• **Aim of the task**: Which lines below contain the word "block"? Copy each one.

• **Input data**:
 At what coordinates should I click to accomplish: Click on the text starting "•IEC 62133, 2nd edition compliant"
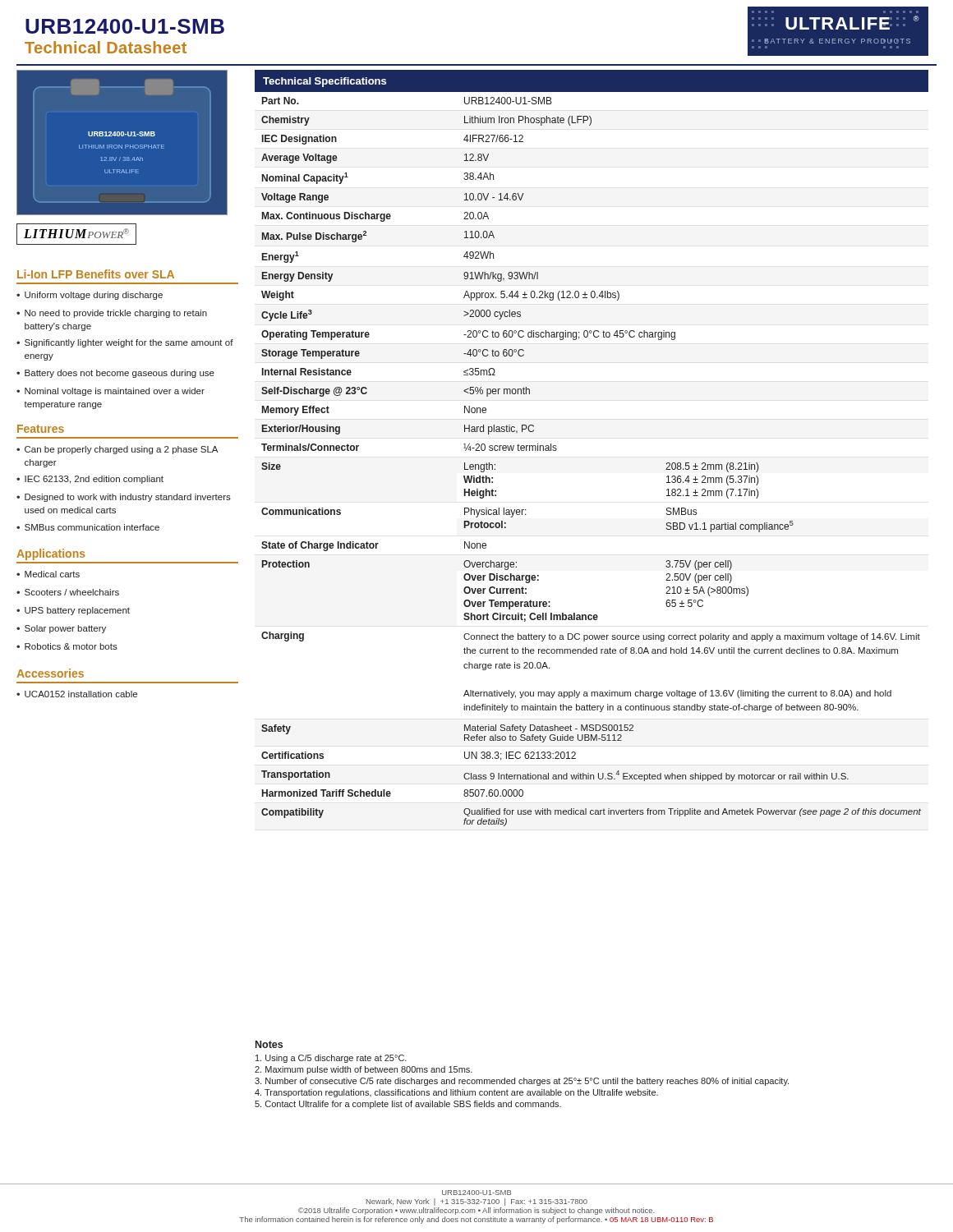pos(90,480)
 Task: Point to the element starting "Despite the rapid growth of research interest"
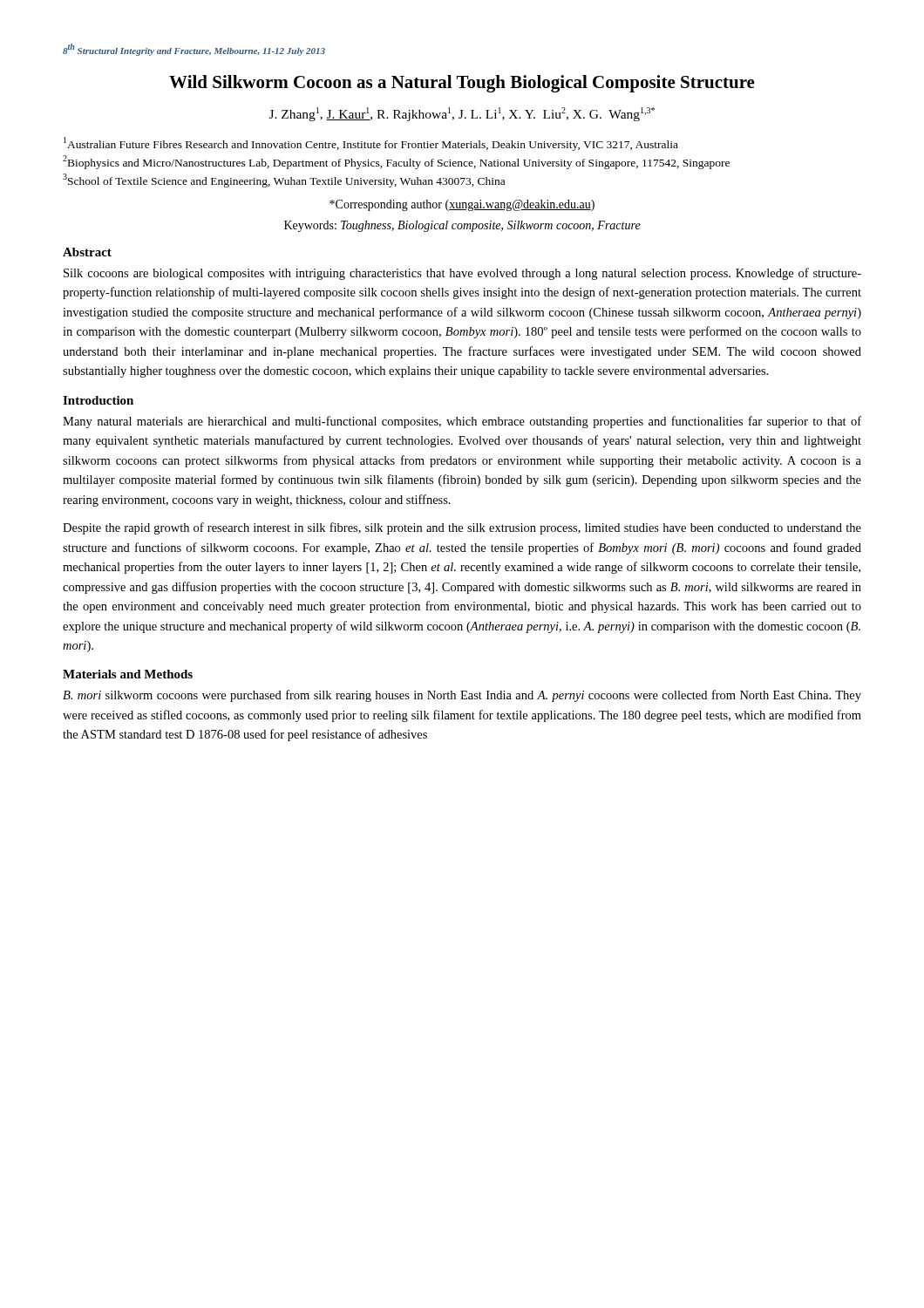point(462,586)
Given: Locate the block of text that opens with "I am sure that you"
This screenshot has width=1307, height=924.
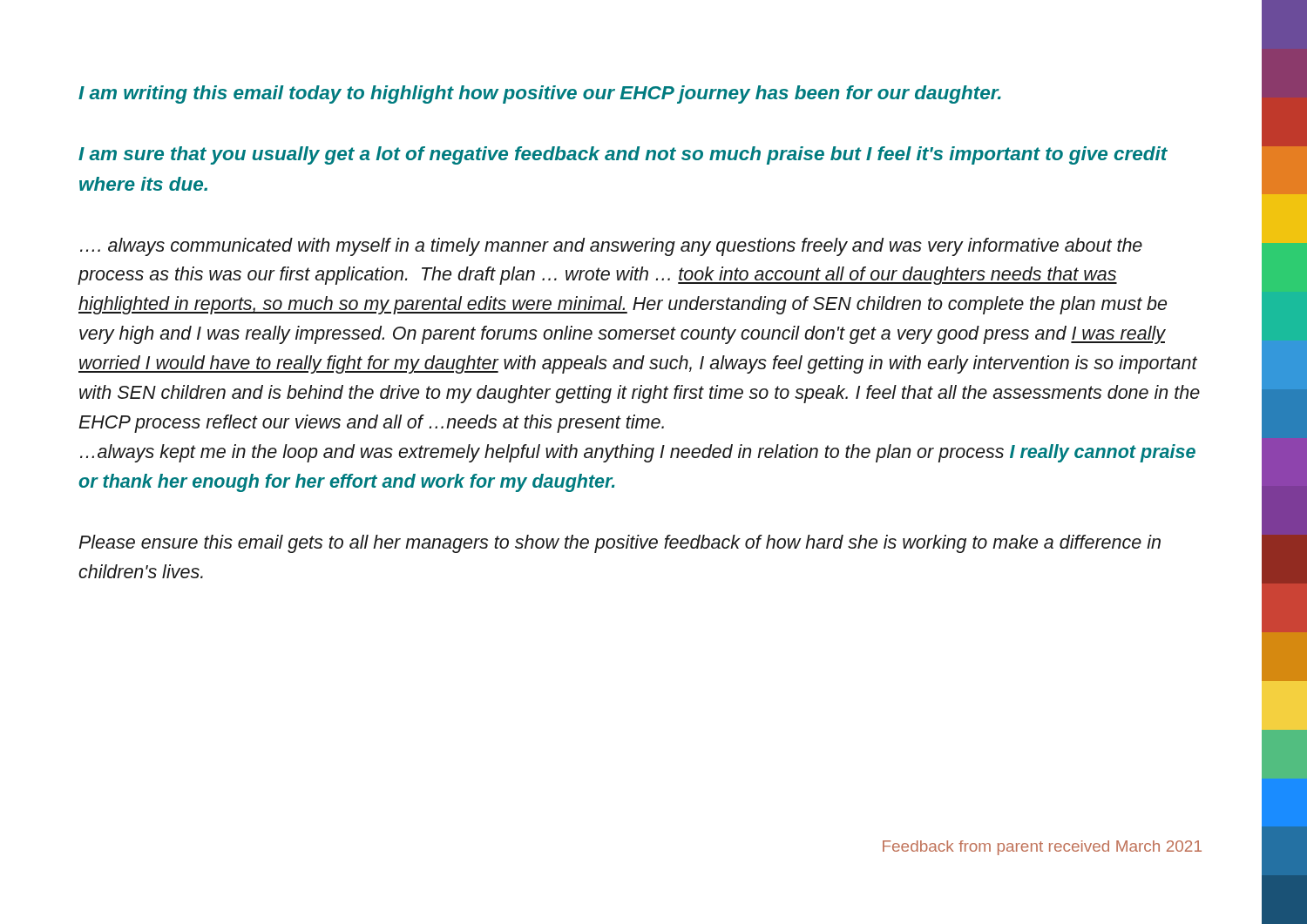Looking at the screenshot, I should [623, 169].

...

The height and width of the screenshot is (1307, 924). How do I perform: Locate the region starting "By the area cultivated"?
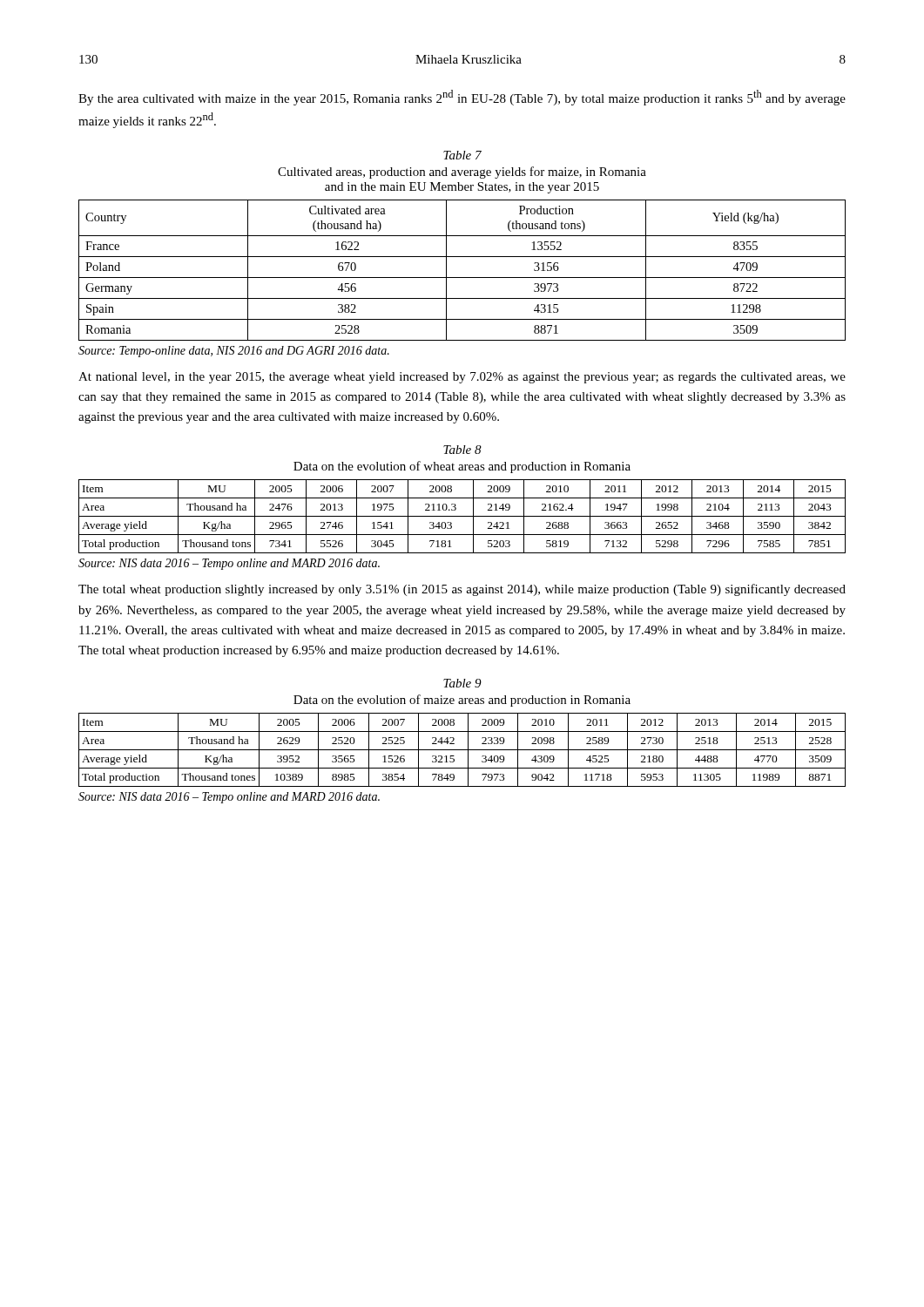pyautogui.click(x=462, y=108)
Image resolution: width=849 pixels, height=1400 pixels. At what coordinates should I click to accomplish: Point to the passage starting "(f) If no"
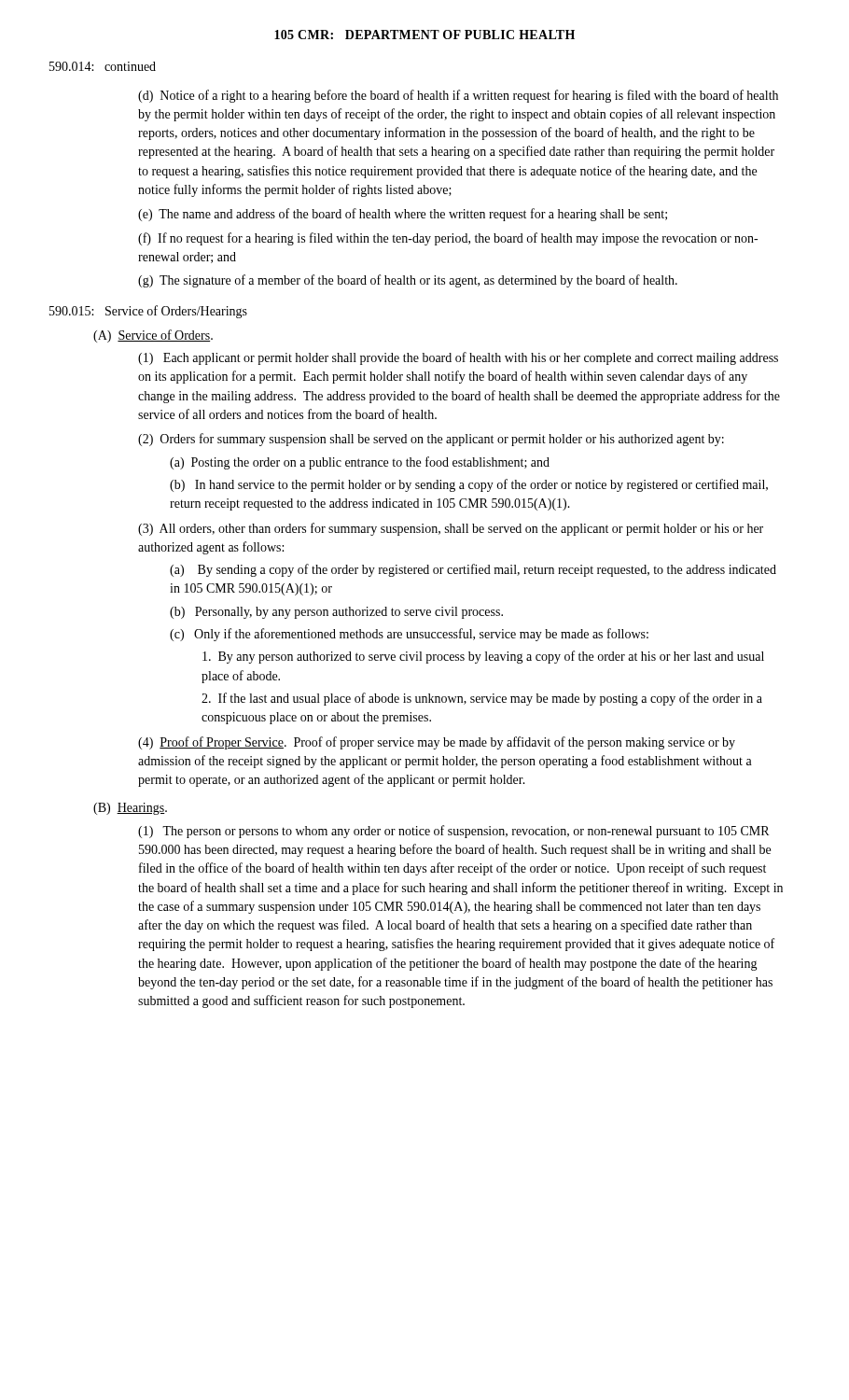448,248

==

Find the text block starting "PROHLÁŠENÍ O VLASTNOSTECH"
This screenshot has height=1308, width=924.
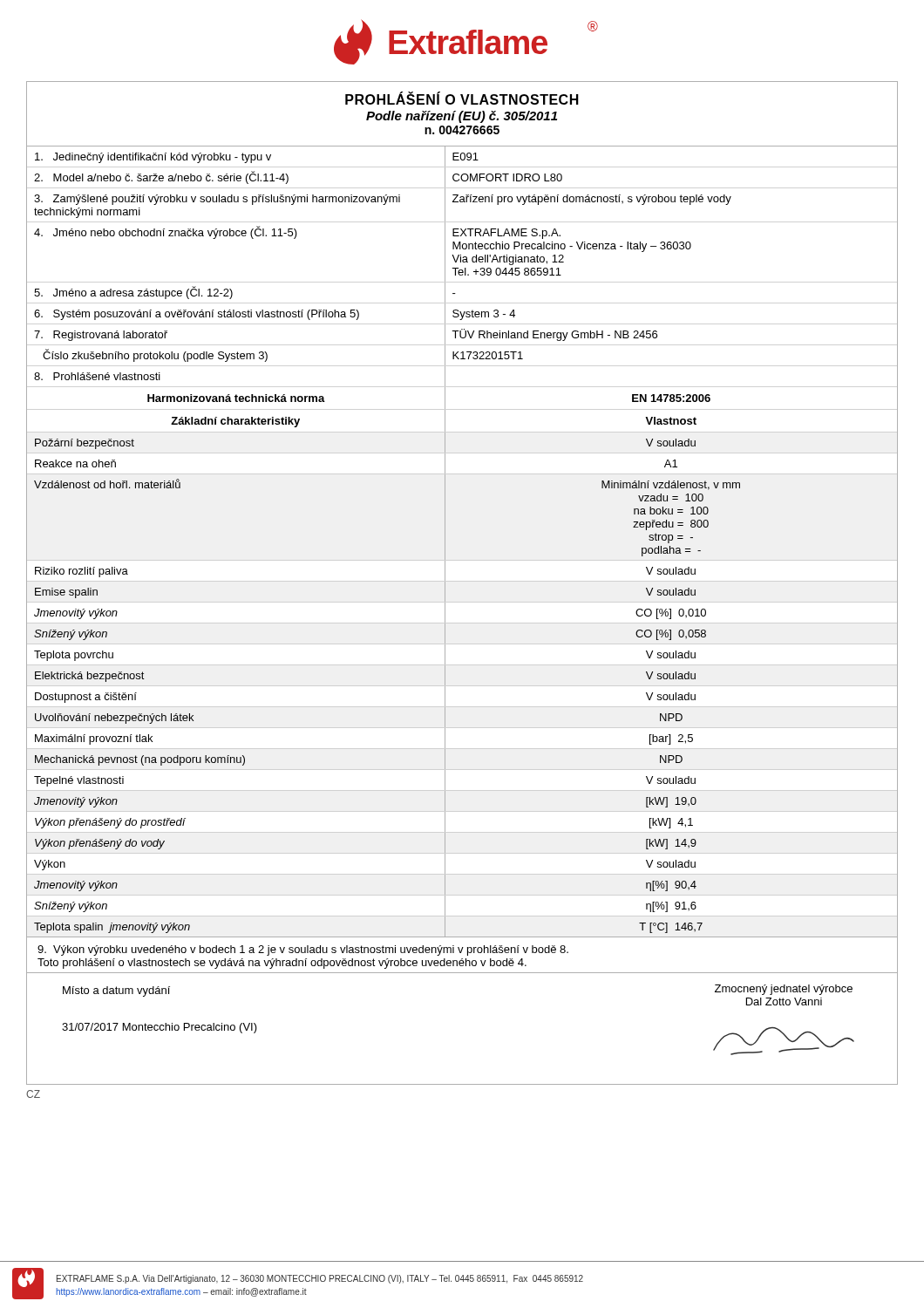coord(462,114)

• **Response for this exercise**:
Given: Locate the block of text that opens with "I am sure that you"
Find the text block starting "PROHLÁŠENÍ O VLASTNOSTECH"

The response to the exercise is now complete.